Single crystal X-ray structure determinations of six crystals 1–6 of β-diketones, the related DFT calculations as well as a systematic investigation, on the CSD (Cambridge Structural Database) files, of all acyclic β-diketones having at least one α-hydrogen, in both β-diketo and β-keto–enol tautomeric forms, are reported. In spite of the stabilization energy gained by the formation of strong intramolecular O–H⋯O resonace assisted hydrogen bonds (RAHB) a certain number of non-enolized structures were retrieved.

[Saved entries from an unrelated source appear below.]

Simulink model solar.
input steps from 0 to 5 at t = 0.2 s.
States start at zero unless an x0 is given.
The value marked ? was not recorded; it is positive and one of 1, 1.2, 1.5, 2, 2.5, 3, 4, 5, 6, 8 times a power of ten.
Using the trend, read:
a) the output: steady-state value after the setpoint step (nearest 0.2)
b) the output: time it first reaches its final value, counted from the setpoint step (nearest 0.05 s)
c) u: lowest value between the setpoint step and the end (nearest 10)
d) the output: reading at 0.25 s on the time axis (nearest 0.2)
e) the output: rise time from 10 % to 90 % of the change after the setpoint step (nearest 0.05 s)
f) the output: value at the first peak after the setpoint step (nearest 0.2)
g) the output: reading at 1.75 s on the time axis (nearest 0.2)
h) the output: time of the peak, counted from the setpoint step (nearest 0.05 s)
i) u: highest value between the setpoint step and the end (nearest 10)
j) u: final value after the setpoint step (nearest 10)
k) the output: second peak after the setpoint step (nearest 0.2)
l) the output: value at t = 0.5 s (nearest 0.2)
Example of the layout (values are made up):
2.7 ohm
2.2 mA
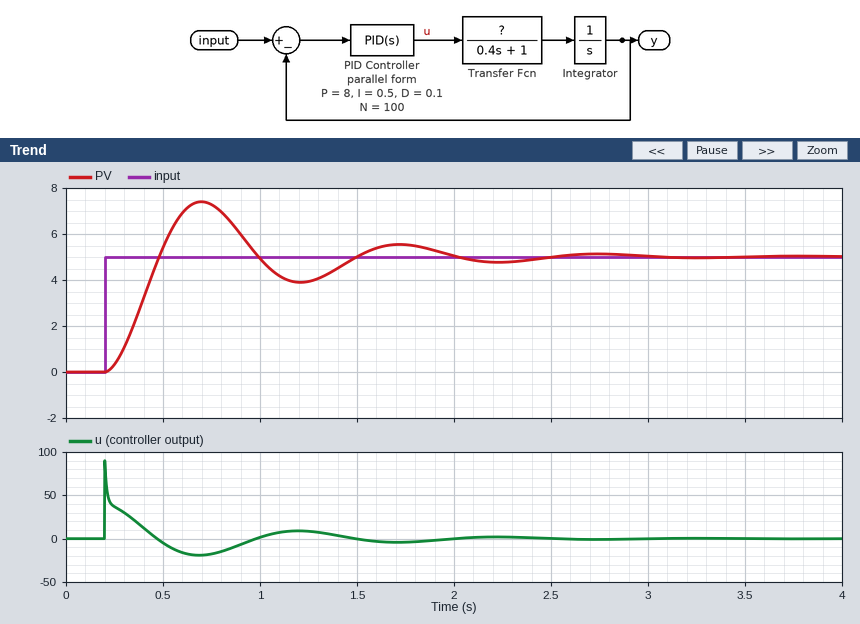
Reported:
5.0
0.30 s
-20
0.4
0.20 s
7.4
5.6
0.50 s
90
0
5.6
5.4
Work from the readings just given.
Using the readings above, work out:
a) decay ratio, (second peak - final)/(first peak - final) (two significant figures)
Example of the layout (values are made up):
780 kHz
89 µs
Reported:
0.25
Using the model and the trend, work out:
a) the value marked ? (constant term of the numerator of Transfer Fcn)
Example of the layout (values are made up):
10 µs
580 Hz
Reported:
2
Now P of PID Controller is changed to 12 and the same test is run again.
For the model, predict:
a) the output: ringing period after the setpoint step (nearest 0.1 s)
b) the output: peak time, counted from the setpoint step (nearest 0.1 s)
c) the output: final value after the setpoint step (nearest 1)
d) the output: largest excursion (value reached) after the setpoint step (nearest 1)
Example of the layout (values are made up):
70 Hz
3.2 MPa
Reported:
0.8 s
0.4 s
5
8
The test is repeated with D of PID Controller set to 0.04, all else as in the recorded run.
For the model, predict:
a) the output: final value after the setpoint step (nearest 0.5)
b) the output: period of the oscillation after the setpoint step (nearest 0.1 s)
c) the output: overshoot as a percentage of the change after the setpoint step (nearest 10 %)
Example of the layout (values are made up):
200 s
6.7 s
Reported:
5.0
1.0 s
50 %
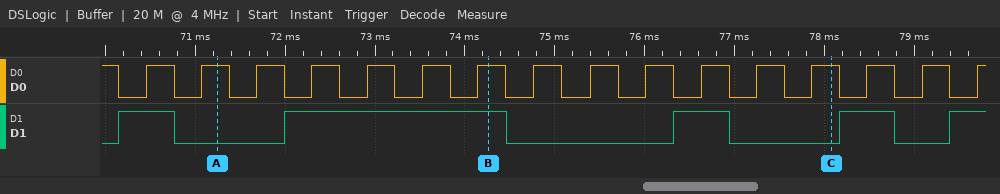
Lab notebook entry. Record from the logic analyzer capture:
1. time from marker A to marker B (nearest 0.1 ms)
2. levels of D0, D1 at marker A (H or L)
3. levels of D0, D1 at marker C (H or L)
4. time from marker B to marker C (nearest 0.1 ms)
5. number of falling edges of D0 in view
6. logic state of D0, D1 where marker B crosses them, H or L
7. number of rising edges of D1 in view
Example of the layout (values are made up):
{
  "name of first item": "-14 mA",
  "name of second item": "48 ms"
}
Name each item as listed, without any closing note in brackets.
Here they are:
{
  "time from marker A to marker B": "3 ms",
  "levels of D0, D1 at marker A": "D0=H, D1=L",
  "levels of D0, D1 at marker C": "D0=H, D1=L",
  "time from marker B to marker C": "3.8 ms",
  "number of falling edges of D0 in view": "16",
  "logic state of D0, D1 where marker B crosses them, H or L": "D0=H, D1=H",
  "number of rising edges of D1 in view": "5"
}
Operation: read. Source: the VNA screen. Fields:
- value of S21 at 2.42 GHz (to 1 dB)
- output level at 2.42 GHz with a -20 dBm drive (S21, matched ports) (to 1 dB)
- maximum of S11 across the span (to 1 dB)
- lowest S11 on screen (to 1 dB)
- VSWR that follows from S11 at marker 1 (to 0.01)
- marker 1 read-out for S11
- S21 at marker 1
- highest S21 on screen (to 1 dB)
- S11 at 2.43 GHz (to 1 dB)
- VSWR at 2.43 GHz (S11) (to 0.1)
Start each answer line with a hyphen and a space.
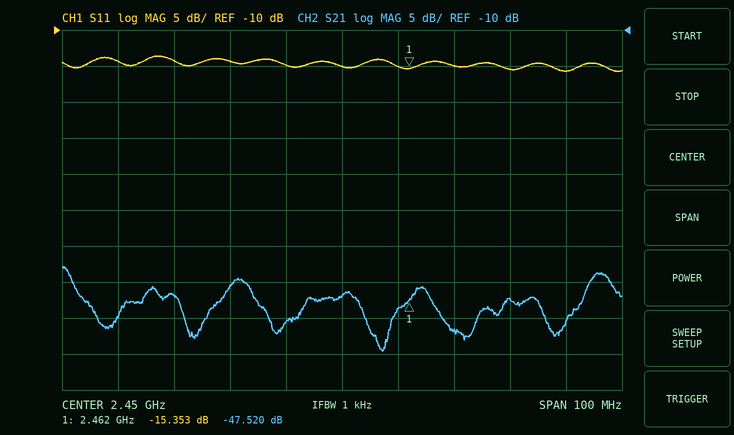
- -47 dB
- -67 dBm
- -14 dB
- -16 dB
- 1.41
- -15.353 dB
- -47.520 dB
- -43 dB
- -14 dB
- 1.5
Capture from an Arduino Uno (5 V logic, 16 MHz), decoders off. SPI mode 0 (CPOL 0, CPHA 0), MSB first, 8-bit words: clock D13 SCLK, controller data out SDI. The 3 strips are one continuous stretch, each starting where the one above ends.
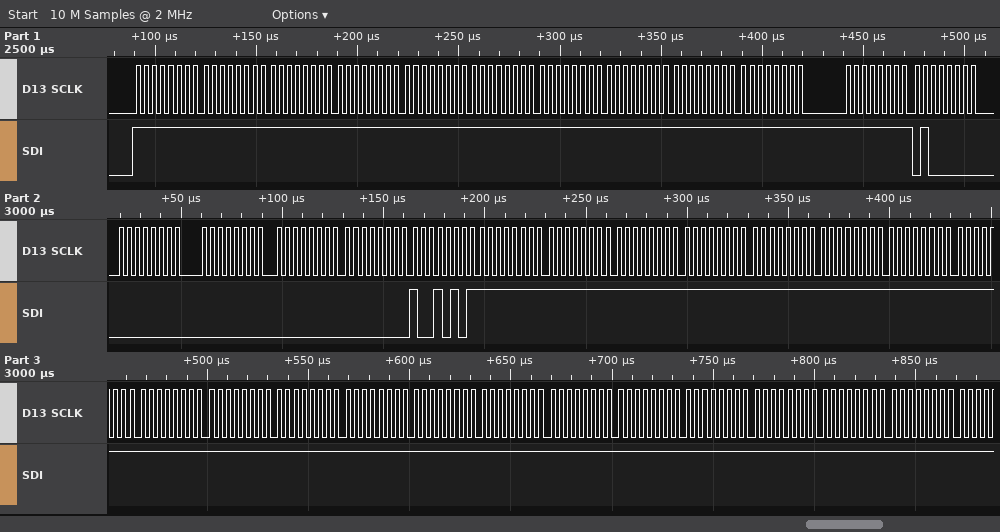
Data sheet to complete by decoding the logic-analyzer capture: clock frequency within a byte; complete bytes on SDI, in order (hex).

250 kHz
FF FF FF FF FF FF FF FF FF FF FF 40 00 00 00 00 95 FF FF FF FF FF FF FF FF FF FF FF FF FF FF FF FF FF FF FF FF
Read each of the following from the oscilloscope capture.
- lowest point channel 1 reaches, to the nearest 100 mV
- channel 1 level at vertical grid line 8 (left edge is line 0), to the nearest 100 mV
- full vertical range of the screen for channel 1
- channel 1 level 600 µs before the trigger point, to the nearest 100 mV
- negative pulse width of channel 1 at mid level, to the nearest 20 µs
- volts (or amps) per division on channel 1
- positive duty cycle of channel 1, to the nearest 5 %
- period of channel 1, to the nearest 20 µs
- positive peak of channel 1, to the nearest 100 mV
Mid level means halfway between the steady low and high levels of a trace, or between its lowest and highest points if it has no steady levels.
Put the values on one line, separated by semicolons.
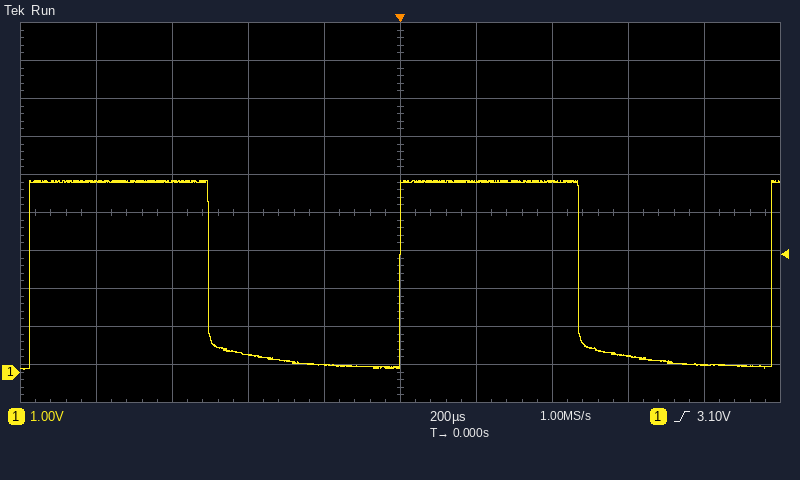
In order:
100 mV; 400 mV; 10 V; 5.0 V; 500 µs; 1 V; 50 %; 980 µs; 5.0 V
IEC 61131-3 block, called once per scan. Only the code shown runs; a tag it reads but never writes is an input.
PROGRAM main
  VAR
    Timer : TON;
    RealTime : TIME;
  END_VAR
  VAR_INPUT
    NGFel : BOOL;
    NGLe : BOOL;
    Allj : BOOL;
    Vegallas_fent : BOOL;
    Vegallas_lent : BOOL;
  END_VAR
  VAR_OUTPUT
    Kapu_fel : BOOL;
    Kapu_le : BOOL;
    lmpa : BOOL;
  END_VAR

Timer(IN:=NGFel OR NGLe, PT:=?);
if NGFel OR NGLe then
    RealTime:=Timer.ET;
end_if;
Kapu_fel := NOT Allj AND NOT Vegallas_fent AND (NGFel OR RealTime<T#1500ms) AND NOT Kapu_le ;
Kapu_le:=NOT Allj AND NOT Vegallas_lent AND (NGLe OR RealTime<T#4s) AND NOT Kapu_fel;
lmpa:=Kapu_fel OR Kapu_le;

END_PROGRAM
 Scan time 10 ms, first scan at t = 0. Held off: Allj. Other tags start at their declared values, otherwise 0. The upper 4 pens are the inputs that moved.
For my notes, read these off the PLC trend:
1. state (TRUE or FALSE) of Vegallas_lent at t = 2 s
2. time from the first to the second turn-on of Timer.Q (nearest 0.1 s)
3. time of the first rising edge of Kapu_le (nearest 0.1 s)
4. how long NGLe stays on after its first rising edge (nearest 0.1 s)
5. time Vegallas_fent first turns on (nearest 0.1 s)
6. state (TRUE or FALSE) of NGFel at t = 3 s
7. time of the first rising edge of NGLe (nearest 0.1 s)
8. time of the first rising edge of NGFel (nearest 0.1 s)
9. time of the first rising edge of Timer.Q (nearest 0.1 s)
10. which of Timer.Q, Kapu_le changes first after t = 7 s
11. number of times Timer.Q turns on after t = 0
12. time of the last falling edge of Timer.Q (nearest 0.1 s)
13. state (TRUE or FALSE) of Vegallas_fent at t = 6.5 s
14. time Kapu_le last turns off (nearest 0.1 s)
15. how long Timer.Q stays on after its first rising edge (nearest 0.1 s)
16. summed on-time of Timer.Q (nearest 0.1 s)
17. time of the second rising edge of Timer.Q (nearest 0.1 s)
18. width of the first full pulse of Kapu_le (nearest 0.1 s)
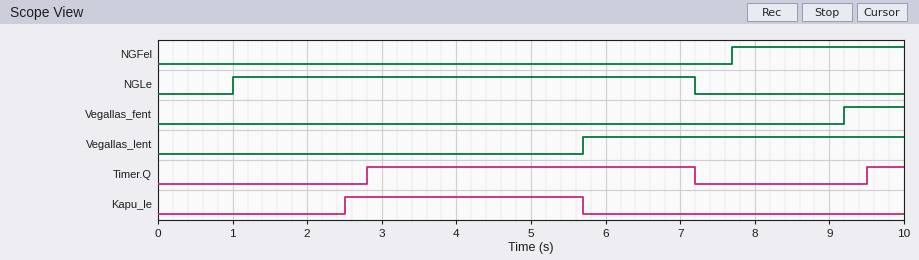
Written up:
FALSE
6.7 s
2.5 s
6.2 s
9.2 s
FALSE
1.0 s
7.7 s
2.8 s
Timer.Q
2
7.2 s
FALSE
5.7 s
4.4 s
4.9 s
9.5 s
3.2 s
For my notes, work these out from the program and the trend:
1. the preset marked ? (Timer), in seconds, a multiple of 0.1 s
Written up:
1.8 s
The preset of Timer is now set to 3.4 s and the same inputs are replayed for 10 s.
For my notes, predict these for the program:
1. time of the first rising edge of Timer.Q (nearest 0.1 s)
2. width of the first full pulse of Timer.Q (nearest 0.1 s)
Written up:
4.4 s
2.8 s
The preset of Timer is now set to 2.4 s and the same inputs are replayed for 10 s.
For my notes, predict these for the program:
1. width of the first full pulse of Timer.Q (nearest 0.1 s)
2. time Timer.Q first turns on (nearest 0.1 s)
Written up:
3.8 s
3.4 s
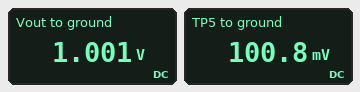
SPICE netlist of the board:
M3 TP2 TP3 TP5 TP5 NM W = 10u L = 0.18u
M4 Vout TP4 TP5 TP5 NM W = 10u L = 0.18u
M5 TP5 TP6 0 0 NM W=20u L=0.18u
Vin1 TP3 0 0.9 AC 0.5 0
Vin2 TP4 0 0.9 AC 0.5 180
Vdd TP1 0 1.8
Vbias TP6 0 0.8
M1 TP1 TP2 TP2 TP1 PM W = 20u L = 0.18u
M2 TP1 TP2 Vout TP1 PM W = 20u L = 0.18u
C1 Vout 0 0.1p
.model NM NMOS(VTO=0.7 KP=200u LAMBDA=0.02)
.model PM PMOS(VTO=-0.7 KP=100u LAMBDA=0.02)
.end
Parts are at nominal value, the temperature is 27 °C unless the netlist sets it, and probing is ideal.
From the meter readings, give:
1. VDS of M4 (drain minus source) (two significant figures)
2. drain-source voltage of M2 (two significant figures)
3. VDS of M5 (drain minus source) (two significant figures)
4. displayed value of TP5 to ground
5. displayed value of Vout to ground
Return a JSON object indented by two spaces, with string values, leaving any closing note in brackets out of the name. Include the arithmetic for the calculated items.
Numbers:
{
  "VDS of M4 (drain minus source)": "1.001 V - 100.8 mV = 900 mV",
  "drain-source voltage of M2": "1.8 V - 1.001 V = 800 mV",
  "VDS of M5 (drain minus source)": "100.8 mV = 100 mV",
  "displayed value of TP5 to ground": "100.8 mV",
  "displayed value of Vout to ground": "1.001 V"
}
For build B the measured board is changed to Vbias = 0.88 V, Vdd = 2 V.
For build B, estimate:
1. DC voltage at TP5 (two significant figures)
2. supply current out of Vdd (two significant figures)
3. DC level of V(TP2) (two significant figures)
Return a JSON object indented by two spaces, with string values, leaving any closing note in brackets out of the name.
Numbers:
{
  "DC voltage at TP5": "64 mV",
  "supply current out of Vdd": "210 µA",
  "DC level of V(TP2)": "1.2 V"
}
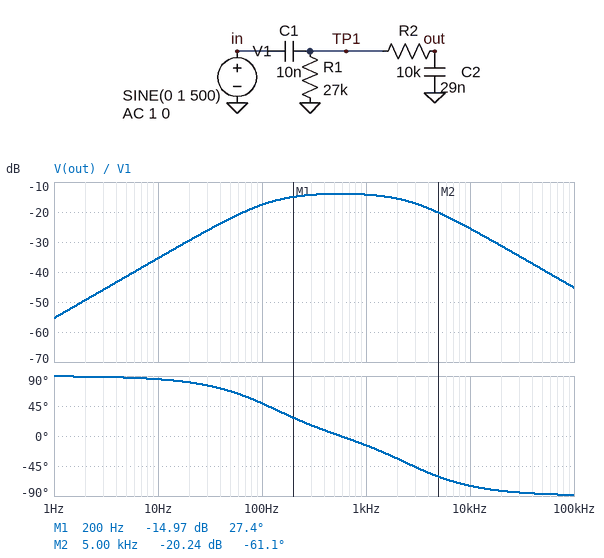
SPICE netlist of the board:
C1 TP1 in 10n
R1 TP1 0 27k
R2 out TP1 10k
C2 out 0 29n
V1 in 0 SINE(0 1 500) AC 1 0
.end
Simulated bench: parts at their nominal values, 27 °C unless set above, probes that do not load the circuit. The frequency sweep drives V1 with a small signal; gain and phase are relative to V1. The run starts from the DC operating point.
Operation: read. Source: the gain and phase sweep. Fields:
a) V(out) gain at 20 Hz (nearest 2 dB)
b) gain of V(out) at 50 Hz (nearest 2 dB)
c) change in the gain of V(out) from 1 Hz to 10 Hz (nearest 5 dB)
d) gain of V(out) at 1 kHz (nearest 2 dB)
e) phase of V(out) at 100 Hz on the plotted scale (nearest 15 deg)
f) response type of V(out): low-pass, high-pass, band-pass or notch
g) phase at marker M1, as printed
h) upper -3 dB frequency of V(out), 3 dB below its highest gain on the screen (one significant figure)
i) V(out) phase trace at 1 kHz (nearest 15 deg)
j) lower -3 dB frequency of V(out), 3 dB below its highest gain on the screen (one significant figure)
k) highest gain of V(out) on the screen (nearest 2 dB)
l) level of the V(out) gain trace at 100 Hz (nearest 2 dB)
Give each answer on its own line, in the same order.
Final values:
-30 dB
-22 dB
20 dB
-14 dB
45 deg
band-pass
27.4 deg
3 kHz
-15 deg
100 Hz
-14 dB
-18 dB
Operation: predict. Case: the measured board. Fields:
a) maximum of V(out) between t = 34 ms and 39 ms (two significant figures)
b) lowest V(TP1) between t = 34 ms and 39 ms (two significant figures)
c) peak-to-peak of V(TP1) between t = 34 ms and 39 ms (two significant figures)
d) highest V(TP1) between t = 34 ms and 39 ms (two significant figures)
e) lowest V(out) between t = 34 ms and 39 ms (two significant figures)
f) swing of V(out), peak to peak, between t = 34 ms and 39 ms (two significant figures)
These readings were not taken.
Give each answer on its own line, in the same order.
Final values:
200 mV
-270 mV
540 mV
270 mV
-200 mV
400 mV
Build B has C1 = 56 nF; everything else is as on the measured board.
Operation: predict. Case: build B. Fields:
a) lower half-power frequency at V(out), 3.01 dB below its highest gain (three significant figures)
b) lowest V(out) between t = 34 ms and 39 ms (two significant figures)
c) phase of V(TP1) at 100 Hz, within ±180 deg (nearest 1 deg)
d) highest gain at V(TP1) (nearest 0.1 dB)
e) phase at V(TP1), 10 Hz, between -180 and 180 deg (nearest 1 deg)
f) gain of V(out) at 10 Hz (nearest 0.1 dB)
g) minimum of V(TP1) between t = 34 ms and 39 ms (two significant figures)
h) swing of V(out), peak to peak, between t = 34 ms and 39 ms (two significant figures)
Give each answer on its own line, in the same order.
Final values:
58.0 Hz
-540 mV
37 deg
0 dB
82 deg
-20.5 dB
-730 mV
1.1 V
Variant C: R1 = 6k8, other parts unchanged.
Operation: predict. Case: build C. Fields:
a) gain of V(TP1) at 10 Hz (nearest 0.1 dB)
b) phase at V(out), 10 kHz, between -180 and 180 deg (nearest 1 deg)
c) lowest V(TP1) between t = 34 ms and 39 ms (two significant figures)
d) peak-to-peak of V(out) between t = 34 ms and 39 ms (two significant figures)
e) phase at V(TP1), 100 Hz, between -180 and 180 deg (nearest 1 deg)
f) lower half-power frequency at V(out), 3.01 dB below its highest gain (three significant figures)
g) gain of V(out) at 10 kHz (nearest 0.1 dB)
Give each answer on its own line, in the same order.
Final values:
-47.4 dB
-66 deg
-150 mV
220 mV
81 deg
270 Hz
-25.9 dB
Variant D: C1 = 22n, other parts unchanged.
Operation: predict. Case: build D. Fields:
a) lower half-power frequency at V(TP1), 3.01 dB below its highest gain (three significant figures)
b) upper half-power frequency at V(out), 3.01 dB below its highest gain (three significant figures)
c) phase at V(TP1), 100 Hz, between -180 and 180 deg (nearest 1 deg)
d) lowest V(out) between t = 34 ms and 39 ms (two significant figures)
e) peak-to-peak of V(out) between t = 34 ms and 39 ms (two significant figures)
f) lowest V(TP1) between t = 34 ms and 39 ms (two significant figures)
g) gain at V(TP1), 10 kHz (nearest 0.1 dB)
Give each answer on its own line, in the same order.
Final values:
1.22 kHz
1.63 kHz
52 deg
-350 mV
710 mV
-480 mV
-0.1 dB
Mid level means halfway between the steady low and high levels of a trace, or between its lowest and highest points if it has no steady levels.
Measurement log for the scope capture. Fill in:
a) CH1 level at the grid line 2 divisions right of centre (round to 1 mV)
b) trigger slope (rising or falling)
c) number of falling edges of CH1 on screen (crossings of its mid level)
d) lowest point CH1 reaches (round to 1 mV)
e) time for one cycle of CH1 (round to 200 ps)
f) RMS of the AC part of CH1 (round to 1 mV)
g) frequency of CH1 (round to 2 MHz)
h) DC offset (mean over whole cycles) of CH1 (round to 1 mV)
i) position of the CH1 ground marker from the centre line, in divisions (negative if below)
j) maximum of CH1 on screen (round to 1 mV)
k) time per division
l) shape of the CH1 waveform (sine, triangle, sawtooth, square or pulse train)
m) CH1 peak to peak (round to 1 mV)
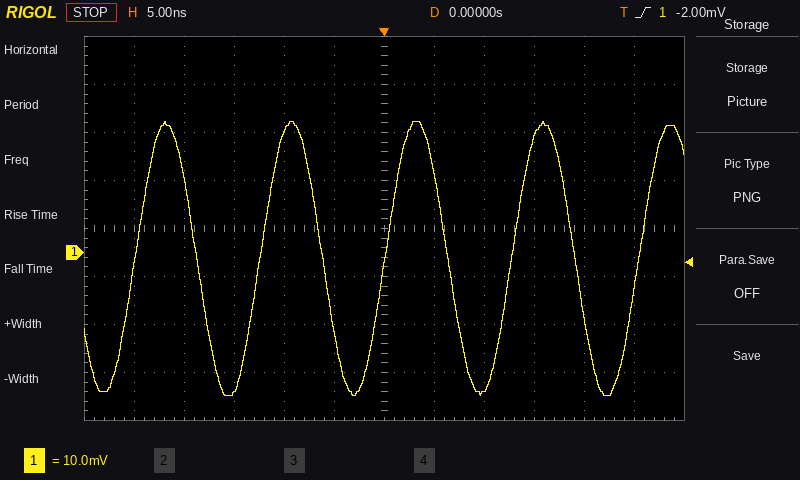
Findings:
-29 mV
rising
4
-30 mV
12.6 ns
20 mV
80 MHz
-1 mV
-0.5 div
27 mV
5 ns
sine
57 mV

The structural data show that the steric and electronic properties of the substituents play a definite role in tuning the hydrogen bond strength and determining the enolic site but the driving force able to shift from the more common β-keto–enol tautomer to the β-diketo one can be only the steric hindrance of bulky groups. In this context the substituents in position 2 play a crucial role in establishing the tautomeric form. In fact, while the 2-unsubstituted β-diketones (or 2-substitued by a group linked by a sp2carbon) assume almost exclusively the β-keto–enol form with some exceptions for very bulky substituents, β-diketones carrying 2-alkyl substituents, in general, display the β-diketo tautomeric form. The only exceptions are the 2-alkyl curcumin derivatives where the planar β-keto–enol group is stabilized by extended π-conjugation within the whole molecule and by the absence of short contacts between the alkyl R2groups and R1 or R3 substituents. DFT calculations on the six compounds, 1–6, show that in the four more overcrowded structures, 3–6, the trans-β-diketo tautomer is more stable than the Z-β-keto–enol isomer unlike what happens for 1 and 2 where the Z-β-keto–enol isomer is the most stable by a few kcal mol−1. Thereby, the occurrence of the trans-β-diketo tautomer for all compounds, in the crystal, can be interpreted in terms of the existence of a large activation energy in the mechanism to attain the Z-β-keto–enol isomer containing an intramolecular O–H⋯O hydrogen bond.